By: Eric Abrutyn, TPC2 Advisors Ltd., Inc.
Posted: June 30, 2009, from the July 2009 issue of Cosmetics & Toiletries.

Much has been written about surfactant chemistry and structural functionality.1, 2 In general, products exhibiting some degree of surface activity and the ability to remove soil from a substrate are referred to as cleansing products. Body cleansing has been practiced for thousands of years, primarily with bar soap based on the alkaline salt of a fatty acid. Today, cleansing products are available in solid bar, liquid and gel forms and can be based on alkaline salts and synthetic and natural surfactants. When substituted for alkaline salts, synthetic and natural surfactants improve the foam structure and mildness of formulas.

Surfactant molecules rest at the water interface and form a thermodynamically stable system that, by virtue of its two distinct active sites (hydrophilic and hydrophobic), prevents polar and nonpolar solvents from contacting each other. Types of thermodynamically stable systems include: micelles, lamellae, micro-emulsions, emulsions and liquid crystals. The polar and nonpolar components of a surfactant provide different affinities that attract specific solvents. The nonpolar component is hydrophobic and generally insoluble in water—consisting typically of linear or branched alkyl and alkylphenyl groups.

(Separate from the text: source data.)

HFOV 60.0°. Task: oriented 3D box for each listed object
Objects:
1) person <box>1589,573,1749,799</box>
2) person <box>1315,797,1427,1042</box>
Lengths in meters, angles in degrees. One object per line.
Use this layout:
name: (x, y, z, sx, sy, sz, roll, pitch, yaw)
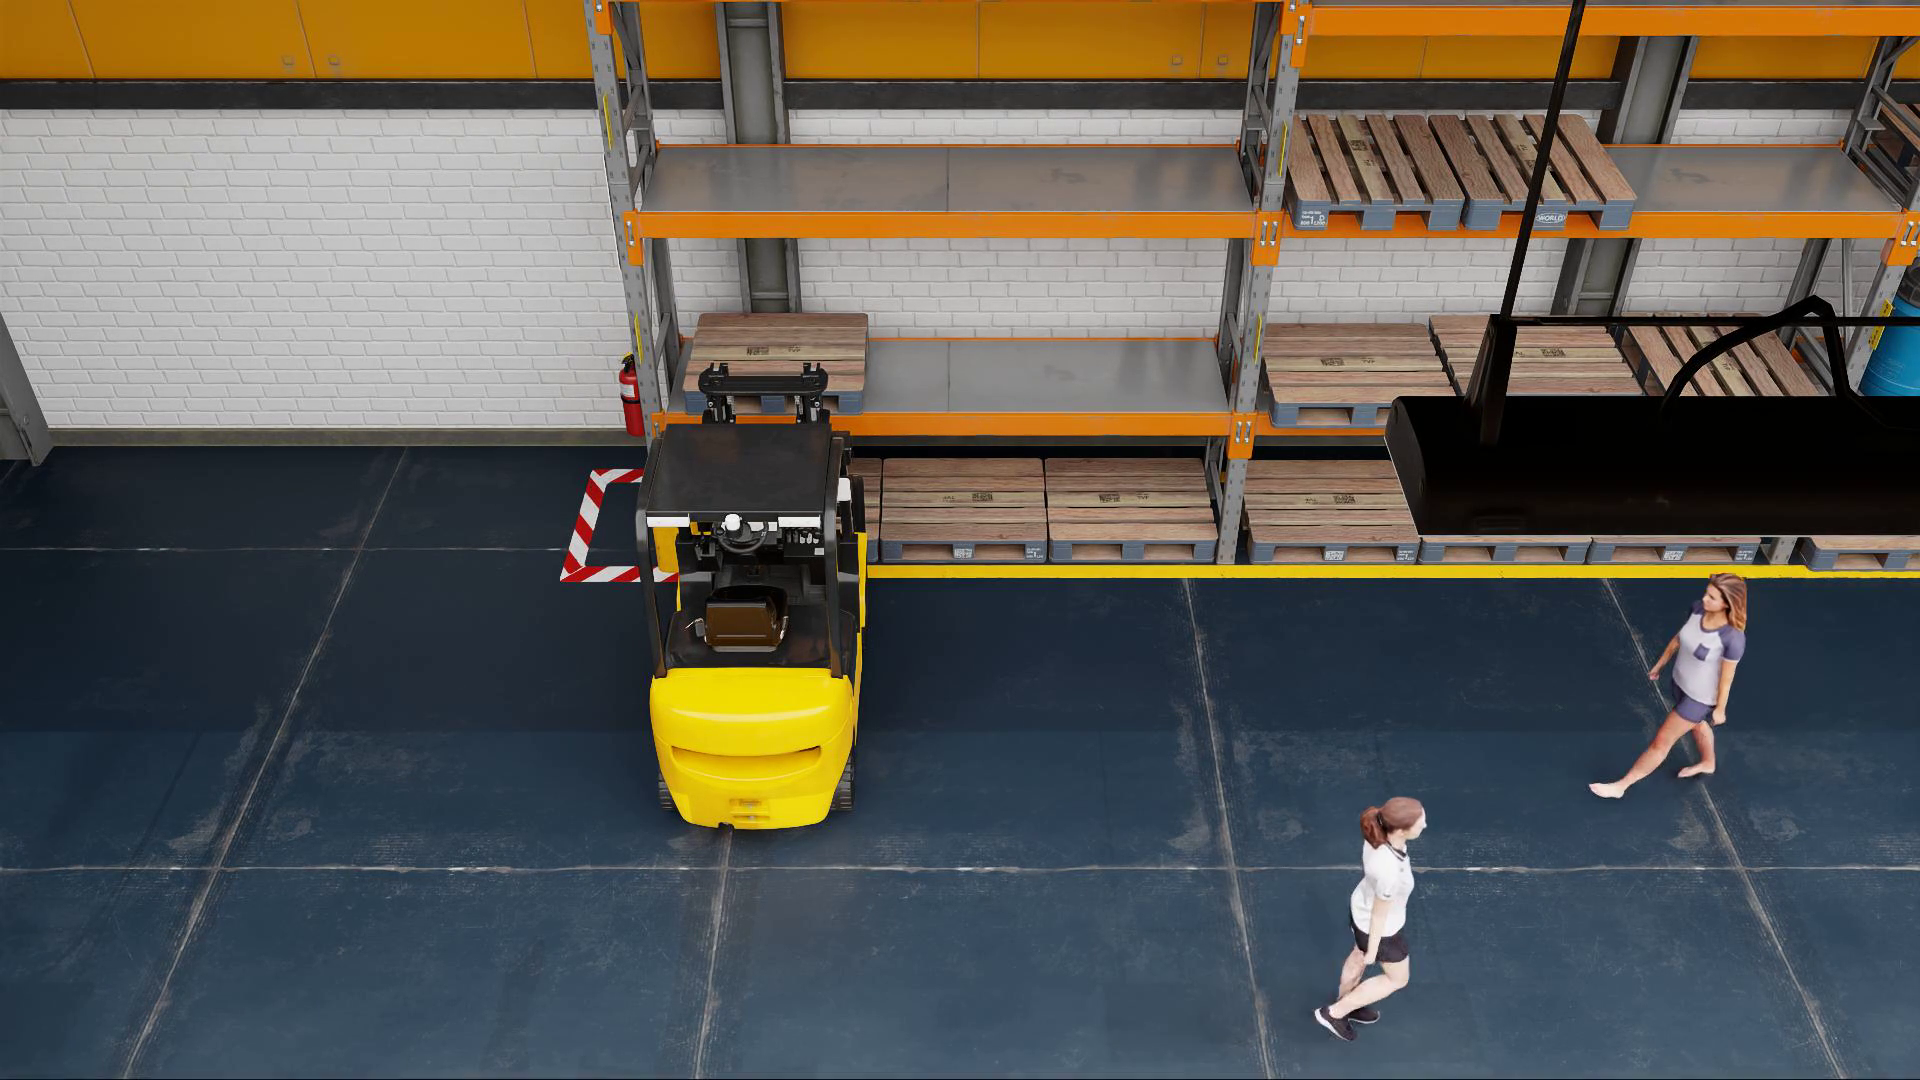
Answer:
person: (4.404, 0.878, 9.797, 1.132, 1.673, 0.742, -5, 39, -7)
person: (2.025, 1.927, 8.429, 0.640, 1.740, 0.574, -1, 39, -2)

The polar component is hydrophilic, and it is this portion of the structure that determines the surfactant’s classification. A nonionic classification includes polyalkoxylate, glucose, sucrose and amine oxide; anionic consists of sulfate, sulfonate, carboxylate and phosphate; cationic includes alkylammonium salts; and zwitterionic includes both anionic and cationic groups. See Table 1 for surfactant classes and their properties.

In general, the mechanism of surface activity is similar between all types but the intended use ultimately determines the appropriate surfactant or surfactant combination choice. Everyday uses include:

  • detergency to remove soil—e.g., in shampoos and soap;
  • wetting to improve the contact angle between a solution and a substrate—e.g., in hair coloring or permanent wave lotions;
  • foaming for visual effects—e.g., in shampoos, bubble bath and laundry detergents;
  • emulsification to form a stable mixture of two incompatible phases such as oil-in-water, water-in-oil and multiple phases; and clear micro, alcoholic, nano- and refractive index matching—e.g., in skin and hair creams and lotions; and
  • solubilization of insoluble components to improve their compatibility—e.g., in perfumes and flavors.

Development Issues
The key to maximizing on the unique properties of surfactants lies in understanding how and when to use them. Surfactants can easily be incorporated into personal care formulas but this requires skillful execution of surfactant-related processes. One important step to consider is how the surfactants will be incorporated to optimize the product’s performance and processing. While the primary performance properties of cleansers are to provide foam and cleansing activity, the level of foam and structure of the foam bubble (e.g., creamy, loose, tight, quick-breaking, etc.) are equally important.